2nd year results from the "Network Modelling" workpackage (WP 5)[]

The WP5 workpackage concerns the design, analysis and testing of models of neuronal networks. In this second year, we have continued work along the different tasks outlined in the proposal. The details are given in the progress report. We outline here the highlights of the results obtained collectively.

The FACETS project gathers a large number of different laboratories across Europe, and many of those groups are directly involved in designing simulations of network of neurons. This is one of the largest group ever put together with different modeling laboratories, and indubitably, this consortium is facing the problem of communication between so many groups. This is one of our main challenge in the modeling part.

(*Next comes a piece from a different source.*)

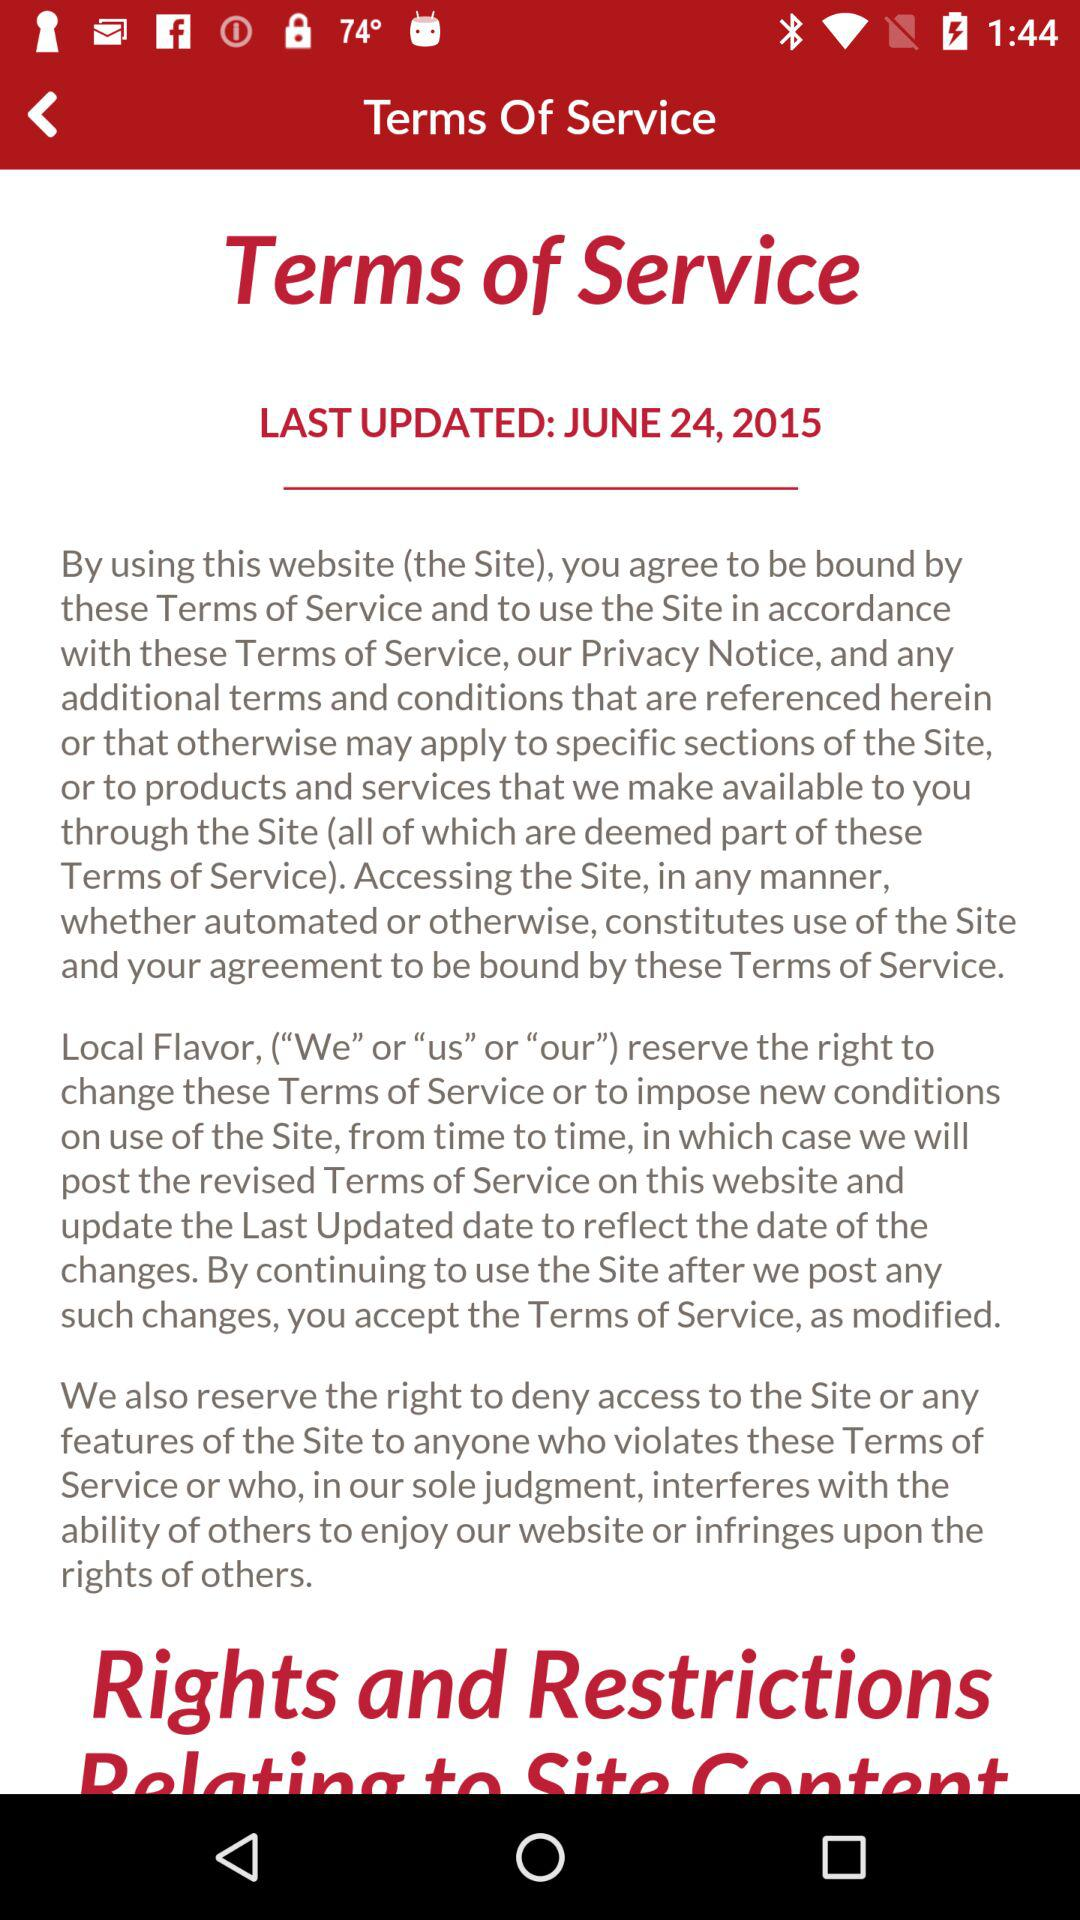What is the date of the last update? The date of the last update is June 24, 2015.

To address this challenge, we have initiated two lines of action:

(1) Review paper on simulators. One of our biggest challenge concerns the fact that every group uses different types of models, and a different type of simulation environment. The first action was to write a detailed review of the different available simulators for simulating spiking neuronal networks. We have gathered the different partners of FACETS, and invited the principal investigators of the most prominent neuron simulation softwares, such as NEURON, GENESIS, XPP, NEST, etc. The article was accepted in The Journal of Computational Neuroscience. In addition to review and compare the available simulators, we provided in this paper a series of "benchmark" network models, implemented these models on every simulator, and provided the code of these models and made them freely available on the ModelDB database (http://senselab.med.yale.edu/modeldb/showmodel.asp?model=83319)

(2) A platform for programming models independent of any particular simulator. The PyNN interface was developed within FACETS, and enables us to write models using a language that is independent of the simulator. The user specifies which simulator is to be used. The same program code can thus be used for making the same simulation on different simulators. The web page for the PyNN project is at http://neuralensemble.org/PyNN .

In addition, we have progressed in network simulations to reproduce active states based on in vivo recordings, to simulate V1 responses, and to evaluate the network consequences of plasticity. This work is ongoing and will be reported in more detail in a later report.